# Required action
Your copy must hold all of the data below, unchanged and without images.

::::::

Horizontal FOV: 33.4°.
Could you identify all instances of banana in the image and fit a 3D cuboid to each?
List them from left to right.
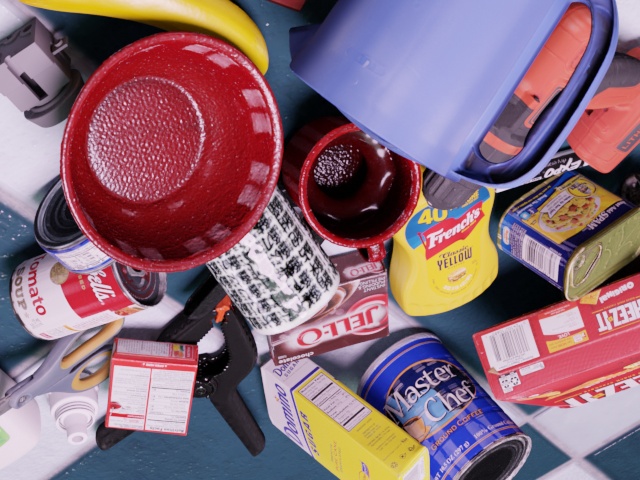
[{"bbox_3d":[-0.104,-0.147,0.712,0.197,0.037,0.070,22,121,-35],"label":"banana"}]

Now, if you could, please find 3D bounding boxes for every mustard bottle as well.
[{"bbox_3d":[0.099,-0.023,0.889,0.096,0.058,0.191,-21,136,-10],"label":"mustard bottle"}]

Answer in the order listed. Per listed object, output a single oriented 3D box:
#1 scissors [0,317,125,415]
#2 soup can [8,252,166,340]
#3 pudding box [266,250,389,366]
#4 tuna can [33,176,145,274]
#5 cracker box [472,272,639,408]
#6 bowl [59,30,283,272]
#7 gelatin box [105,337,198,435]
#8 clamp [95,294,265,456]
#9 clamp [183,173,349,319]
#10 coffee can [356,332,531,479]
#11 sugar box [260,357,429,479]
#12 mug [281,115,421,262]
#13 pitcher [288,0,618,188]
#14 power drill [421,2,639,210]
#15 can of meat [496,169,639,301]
[{"bbox_3d":[-0.240,0.133,0.897,0.201,0.016,0.096,-42,152,-15],"label":"scissors"},{"bbox_3d":[-0.180,0.033,0.824,0.102,0.068,0.068,-18,139,23],"label":"soup can"},{"bbox_3d":[0.004,0.060,0.952,0.113,0.039,0.090,-13,137,-6],"label":"pudding box"},{"bbox_3d":[-0.167,-0.020,0.781,0.086,0.086,0.033,-31,134,12],"label":"tuna can"},{"bbox_3d":[0.257,0.099,0.984,0.164,0.072,0.213,-24,160,22],"label":"cracker box"},{"bbox_3d":[-0.107,-0.063,0.722,0.161,0.055,0.162,-11,112,-31],"label":"bowl"},{"bbox_3d":[-0.148,0.128,0.933,0.073,0.030,0.089,6,127,-9],"label":"gelatin box"},{"bbox_3d":[-0.103,0.130,0.983,0.164,0.036,0.210,11,127,-22],"label":"clamp"},{"bbox_3d":[-0.056,0.001,0.871,0.171,0.039,0.120,-13,132,-4],"label":"clamp"},{"bbox_3d":[0.114,0.171,1.008,0.102,0.140,0.103,-26,142,-22],"label":"coffee can"},{"bbox_3d":[0.021,0.179,0.980,0.048,0.176,0.093,-39,143,-29],"label":"sugar box"},{"bbox_3d":[0.022,-0.038,0.806,0.093,0.081,0.117,-25,110,-9],"label":"mug"},{"bbox_3d":[0.106,-0.161,0.665,0.149,0.145,0.243,30,102,-26],"label":"pitcher"},{"bbox_3d":[0.179,-0.092,0.806,0.187,0.057,0.185,-3,141,-48],"label":"power drill"},{"bbox_3d":[0.212,-0.008,0.901,0.102,0.084,0.057,-31,137,-24],"label":"can of meat"}]
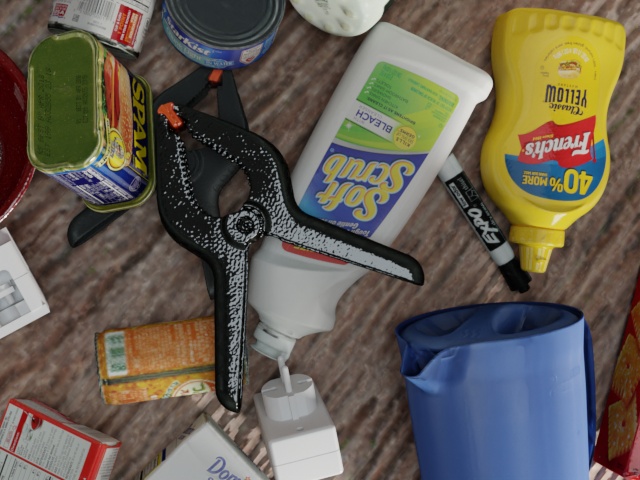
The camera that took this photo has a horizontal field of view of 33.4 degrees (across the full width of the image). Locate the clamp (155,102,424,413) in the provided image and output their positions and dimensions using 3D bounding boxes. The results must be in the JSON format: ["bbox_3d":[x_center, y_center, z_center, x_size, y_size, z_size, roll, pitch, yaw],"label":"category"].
[{"bbox_3d":[-0.055,0.001,0.731,0.164,0.036,0.210,-41,86,-4],"label":"clamp"}]

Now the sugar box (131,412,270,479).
[{"bbox_3d":[-0.117,0.219,0.778,0.176,0.048,0.093,-42,97,-7],"label":"sugar box"}]

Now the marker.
[{"bbox_3d":[0.125,-0.011,0.814,0.020,0.020,0.121,-34,97,-5],"label":"marker"}]

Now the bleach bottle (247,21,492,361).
[{"bbox_3d":[0.025,-0.025,0.778,0.102,0.068,0.251,26,91,-3],"label":"bleach bottle"}]

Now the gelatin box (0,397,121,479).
[{"bbox_3d":[-0.192,0.160,0.754,0.089,0.030,0.073,19,89,24],"label":"gelatin box"}]

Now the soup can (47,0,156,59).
[{"bbox_3d":[-0.144,-0.185,0.744,0.068,0.068,0.102,17,91,-8],"label":"soup can"}]

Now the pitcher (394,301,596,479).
[{"bbox_3d":[0.141,0.167,0.778,0.149,0.145,0.243,-7,97,4],"label":"pitcher"}]

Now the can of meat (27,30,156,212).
[{"bbox_3d":[-0.155,-0.080,0.721,0.057,0.084,0.102,-9,73,13],"label":"can of meat"}]

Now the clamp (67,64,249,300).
[{"bbox_3d":[-0.110,-0.051,0.770,0.120,0.039,0.171,13,83,-7],"label":"clamp"}]

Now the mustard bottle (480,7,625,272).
[{"bbox_3d":[0.169,-0.072,0.798,0.096,0.058,0.191,6,92,-13],"label":"mustard bottle"}]

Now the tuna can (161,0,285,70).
[{"bbox_3d":[-0.070,-0.165,0.757,0.086,0.034,0.086,5,68,-12],"label":"tuna can"}]

::::::

# Result of the task
Horizontal FOV: 33.4°.
Could you identify all instances of banana in the image and fit a 3D cuboid to each?
List them from left to right.
[{"bbox_3d":[-0.104,-0.147,0.712,0.197,0.037,0.070,22,121,-35],"label":"banana"}]

Now, if you could, please find 3D bounding boxes for every mustard bottle as well.
[{"bbox_3d":[0.099,-0.023,0.889,0.096,0.058,0.191,-21,136,-10],"label":"mustard bottle"}]

Answer in the order listed. Per listed object, output a single oriented 3D box:
#1 scissors [0,317,125,415]
#2 soup can [8,252,166,340]
#3 pudding box [266,250,389,366]
#4 tuna can [33,176,145,274]
#5 cracker box [472,272,639,408]
#6 bowl [59,30,283,272]
#7 gelatin box [105,337,198,435]
#8 clamp [95,294,265,456]
#9 clamp [183,173,349,319]
#10 coffee can [356,332,531,479]
#11 sugar box [260,357,429,479]
#12 mug [281,115,421,262]
#13 pitcher [288,0,618,188]
#14 power drill [421,2,639,210]
#15 can of meat [496,169,639,301]
[{"bbox_3d":[-0.240,0.133,0.897,0.201,0.016,0.096,-42,152,-15],"label":"scissors"},{"bbox_3d":[-0.180,0.033,0.824,0.102,0.068,0.068,-18,139,23],"label":"soup can"},{"bbox_3d":[0.004,0.060,0.952,0.113,0.039,0.090,-13,137,-6],"label":"pudding box"},{"bbox_3d":[-0.167,-0.020,0.781,0.086,0.086,0.033,-31,134,12],"label":"tuna can"},{"bbox_3d":[0.257,0.099,0.984,0.164,0.072,0.213,-24,160,22],"label":"cracker box"},{"bbox_3d":[-0.107,-0.063,0.722,0.161,0.055,0.162,-11,112,-31],"label":"bowl"},{"bbox_3d":[-0.148,0.128,0.933,0.073,0.030,0.089,6,127,-9],"label":"gelatin box"},{"bbox_3d":[-0.103,0.130,0.983,0.164,0.036,0.210,11,127,-22],"label":"clamp"},{"bbox_3d":[-0.056,0.001,0.871,0.171,0.039,0.120,-13,132,-4],"label":"clamp"},{"bbox_3d":[0.114,0.171,1.008,0.102,0.140,0.103,-26,142,-22],"label":"coffee can"},{"bbox_3d":[0.021,0.179,0.980,0.048,0.176,0.093,-39,143,-29],"label":"sugar box"},{"bbox_3d":[0.022,-0.038,0.806,0.093,0.081,0.117,-25,110,-9],"label":"mug"},{"bbox_3d":[0.106,-0.161,0.665,0.149,0.145,0.243,30,102,-26],"label":"pitcher"},{"bbox_3d":[0.179,-0.092,0.806,0.187,0.057,0.185,-3,141,-48],"label":"power drill"},{"bbox_3d":[0.212,-0.008,0.901,0.102,0.084,0.057,-31,137,-24],"label":"can of meat"}]
The camera that took this photo has a horizontal field of view of 33.4 degrees (across the full width of the image). Locate the clamp (155,102,424,413) in the provided image and output their positions and dimensions using 3D bounding boxes. The results must be in the JSON format: ["bbox_3d":[x_center, y_center, z_center, x_size, y_size, z_size, roll, pitch, yaw],"label":"category"].
[{"bbox_3d":[-0.055,0.001,0.731,0.164,0.036,0.210,-41,86,-4],"label":"clamp"}]

Now the sugar box (131,412,270,479).
[{"bbox_3d":[-0.117,0.219,0.778,0.176,0.048,0.093,-42,97,-7],"label":"sugar box"}]

Now the marker.
[{"bbox_3d":[0.125,-0.011,0.814,0.020,0.020,0.121,-34,97,-5],"label":"marker"}]

Now the bleach bottle (247,21,492,361).
[{"bbox_3d":[0.025,-0.025,0.778,0.102,0.068,0.251,26,91,-3],"label":"bleach bottle"}]

Now the gelatin box (0,397,121,479).
[{"bbox_3d":[-0.192,0.160,0.754,0.089,0.030,0.073,19,89,24],"label":"gelatin box"}]

Now the soup can (47,0,156,59).
[{"bbox_3d":[-0.144,-0.185,0.744,0.068,0.068,0.102,17,91,-8],"label":"soup can"}]

Now the pitcher (394,301,596,479).
[{"bbox_3d":[0.141,0.167,0.778,0.149,0.145,0.243,-7,97,4],"label":"pitcher"}]

Now the can of meat (27,30,156,212).
[{"bbox_3d":[-0.155,-0.080,0.721,0.057,0.084,0.102,-9,73,13],"label":"can of meat"}]

Now the clamp (67,64,249,300).
[{"bbox_3d":[-0.110,-0.051,0.770,0.120,0.039,0.171,13,83,-7],"label":"clamp"}]

Now the mustard bottle (480,7,625,272).
[{"bbox_3d":[0.169,-0.072,0.798,0.096,0.058,0.191,6,92,-13],"label":"mustard bottle"}]

Now the tuna can (161,0,285,70).
[{"bbox_3d":[-0.070,-0.165,0.757,0.086,0.034,0.086,5,68,-12],"label":"tuna can"}]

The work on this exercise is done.